三明治,我的桌上有一个三明治。下午两点的外卖,吃掉一个还剩一个,午餐加晚餐。明天还会有一个三明治,后天、大后天。因为桌上需要有一个三明治,我应该也需要。我不知道三明治是什么味道,一个又一个,它确定了我的早餐、午餐或晚餐。如果时间有味道,可能是三明治的味道,但三明治没有味道。

两点半,我开始看《时时刻刻》。Hour为什么有复数?对活着的人来说,对一系列的重复来讲,复数是一种讽刺吗?说它是欺骗更合理,安全并令人满足。我看不出作早餐的三明治和作晚餐的三明治有什么不同——买来的或偷来的,火腿的或鸡蛋的,加热的或冷掉的。死去的人呢?复数是一种尊重吗?没有这个必要,虽然尊重仅仅属于死者——部分死者。如果只是一种标记,记录如自缢、投河或中毒的死法,那或许太过奢侈,不太像我们的作风。“停止跳动的心脏”比“死亡”更容易让人接受,剔除精神世界让一切更加连贯,尽管这是一种篡改。毁灭不是一瞬间的崩塌,而是一瞬间的矗立——就像在hour后面添一个s。

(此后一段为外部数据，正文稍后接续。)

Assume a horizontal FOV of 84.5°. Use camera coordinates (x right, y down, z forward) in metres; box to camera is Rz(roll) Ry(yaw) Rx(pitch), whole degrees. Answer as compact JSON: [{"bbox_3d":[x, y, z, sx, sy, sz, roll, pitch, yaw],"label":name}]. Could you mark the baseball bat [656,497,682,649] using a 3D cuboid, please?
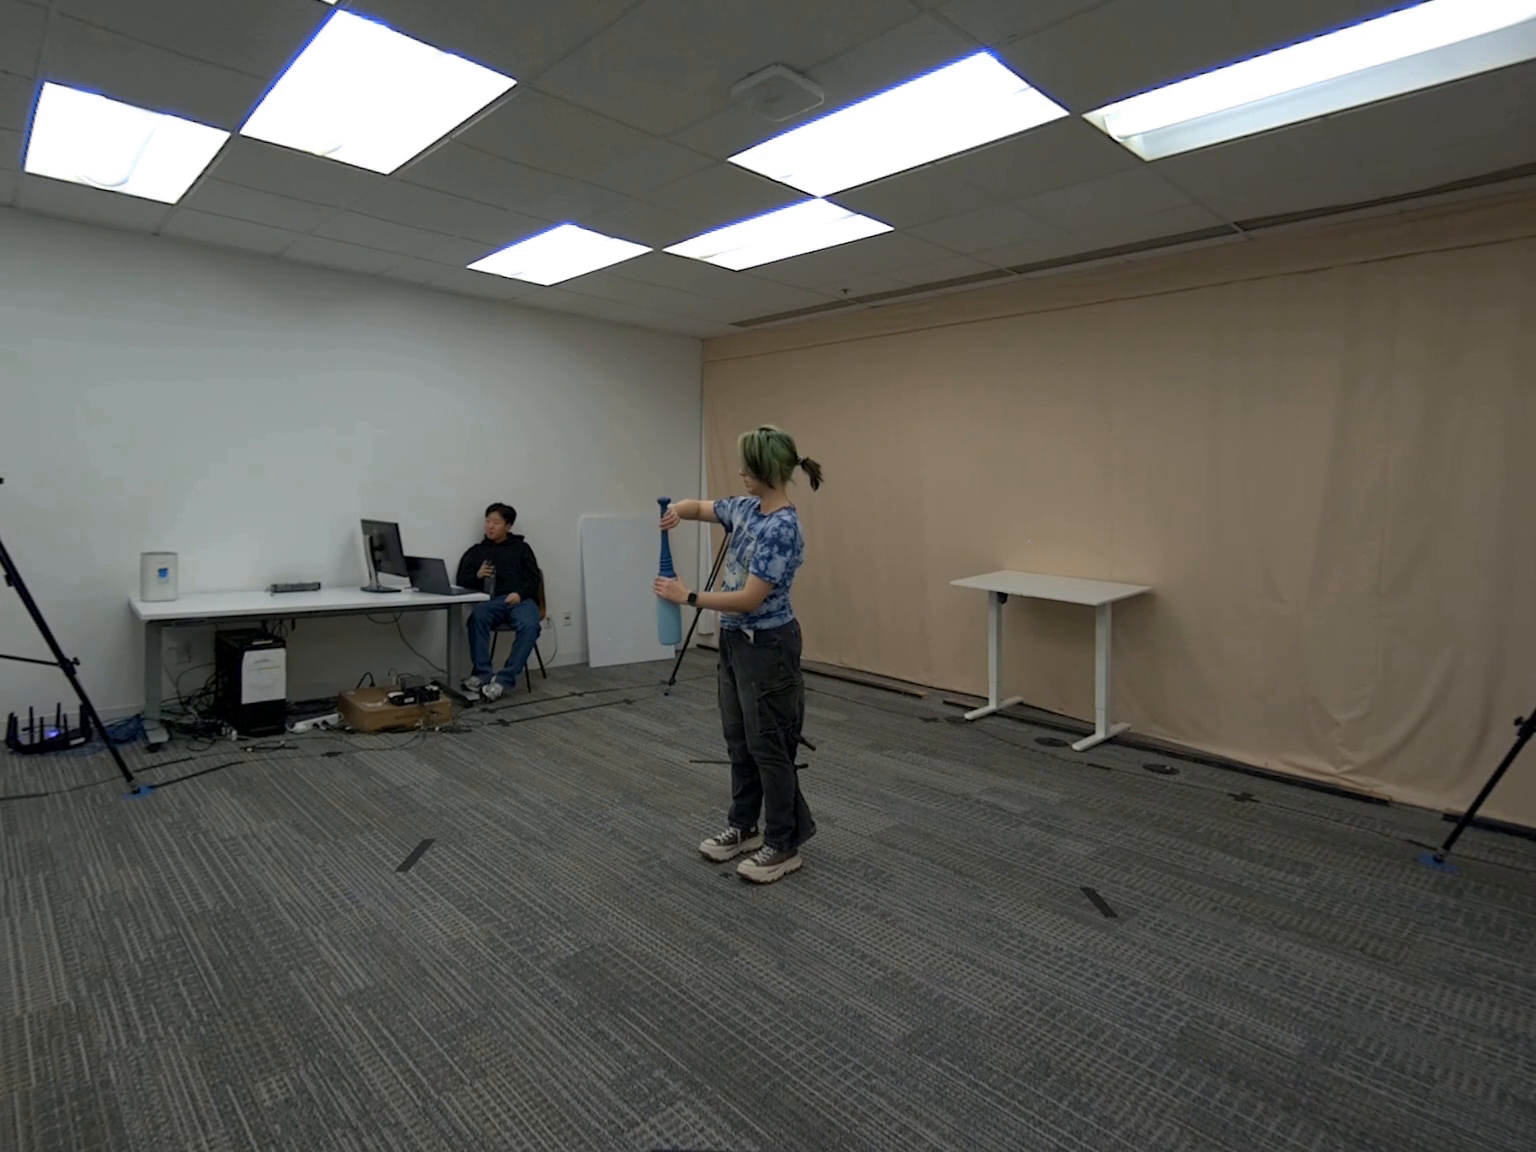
[{"bbox_3d":[-0.375,-0.018,3.080,0.089,0.541,0.089,-4,5,-1],"label":"baseball bat"}]

读完《达洛卫夫人》之后,我推翻了我最爱伍尔夫的《奥兰多》的说法。一天,一生,时时刻刻。达洛卫夫人钻进了一个套子,她不知道怎么结束。买花、开派对、再重复,套子里有什么她就做什么,像任何一个美满、热情的太太一样。她拒绝抹掉hours的小尾巴,紧紧栓在上面,摇摇晃晃,时时刻刻。她无法面对一个只属于自己的生命,因为她需要的不是生命,像任何一个美满、热情的太太一样。达洛卫夫人、伍尔夫、克拉丽莎、劳拉布朗……她们恰当地走进另一个生命,告诉她完美的理由,或告诉自己;又恰当地走出,没有揭晓任何道理。时时刻刻,她离开,她留下。一个没有结果的故事。

最后,她让你重新看生命;她告诉你她如何选择了生命;她开始新的生命。不是新的生命,是生命的延续。接着,还会有一位夫人,时时刻刻。